In 1930s America, a radical new sound emerged from the multi-cultural melting pot of New Orleans: jazz. While Billie Holliday’s voice is stunning, the songs and stories that she chose to share are what make her iconic. In a deeply divided country, Billie came face-to-face with racism wherever she went. Exploring her life and work, Kathleen meets jazz singer Dee Dee Bridgewater and speaks to Martin Torgoff to learn how she used her music to take a stand - some argue that Strange Fruit is the most iconic protest song in American history and a watershed moment in the early Civil Rights movement.
Norma Jean Morensen grew up in foster homes and dreamed of being a star. She was scouted as a model and actress and became Marilyn Monroe. Despite an early scandal with a nude calendar shoot, her frankness and apparent vulnerability won the American public round. Kathleen speaks to Sarah Churchwell, cultural historian, and photographer Douglas Kirkland to hear how, despite appearances, Monroe was fully in control of her image and her persona. She was one of the first women to set up her own Hollywood production company, a woman ahead of her time.
David Bowie’s revolutionary music took the world by storm. He was the master of reinvention: with each new album he changed his music and his look. By the mid-1970s he’d broken America and become a global star. Kathleen speaks to writer Hani Kuroshio and musician Dave Stewart about the lasting legacy of Bowie’s music, acting and gender-bending self-confidence. He constantly pushed the boundaries of music and art, fashion and society. Bowie produced an incredible 27 albums of original music but his legacy also lies in his determination to keep on challenging and changing the world we live in.
Icons continues next week (Monday 21 January) when Sanjeev Bhaskar delves into the stories of activists Emmeline Pankhurst, Mahatma Gandhi, Helen Keller, Martin Luther King Jr. Clare Balding (Tuesday 22 January) presents the legacy of key sports stars: Muhammad Ali, Pelé, Billie Jean King and Tanni Grey-Thompson







Kathleen Turner

What makes an icon?
Icons do more than just reflect their time - they help create it. In a century shaped by technological change the Icons in my category Entertainers all mastered their mediums and used them to try and change the world.

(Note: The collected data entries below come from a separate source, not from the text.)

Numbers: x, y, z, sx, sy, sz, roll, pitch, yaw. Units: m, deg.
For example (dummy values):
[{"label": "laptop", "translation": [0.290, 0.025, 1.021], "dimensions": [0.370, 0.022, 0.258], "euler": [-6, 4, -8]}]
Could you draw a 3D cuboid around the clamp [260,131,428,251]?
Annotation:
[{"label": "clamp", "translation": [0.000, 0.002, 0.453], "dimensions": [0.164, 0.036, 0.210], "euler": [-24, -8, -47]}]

From Charlie Chaplin who pioneered early cinema with a character that defied the status quo, to Billie Holiday whose singular voice spoke to the deepest wounds in America, to Marilyn Monroe’s reign in the Golden Age of Hollywood that challenged what was expected of a woman and to David Bowie, master of reinvention, who repeatedly unsettled the norm. These are four different people, from four different times, but all of them able to speak directly, intimately to us, and our sense of common humanity.
Why are you so passionate about your category?
Over the course of this series, several much respected broadcasters will try to convince you that the greatest icons of the 20th Century must be a politician, a scientist, some great intellectual - but I’m here to tell you they’re wrong. To me it is absurd that the greatest icons of the twentieth century could be anyone but an entertainer. As an actress, singer and director for 40 years, I want to share why some stars stand out from the crowd - and why it’s not the size of their celebrity, but what they did with it that makes them an icon.
Why do you think the ultimate icon of the 20th Century should come from your category?
They may not be leaders - but they still led the way. They may not be explorers or scientists - but they were still pioneers. They are icons in the truest sense - because they already belong to us. These are the people that we hold in our hearts, the people we queue up to watch their movies or spend our hard-earned cash on their music - it is us, the audience, that turns them into stars. In return they make us laugh or cry, inspire us and offer us ways to reimagine our world.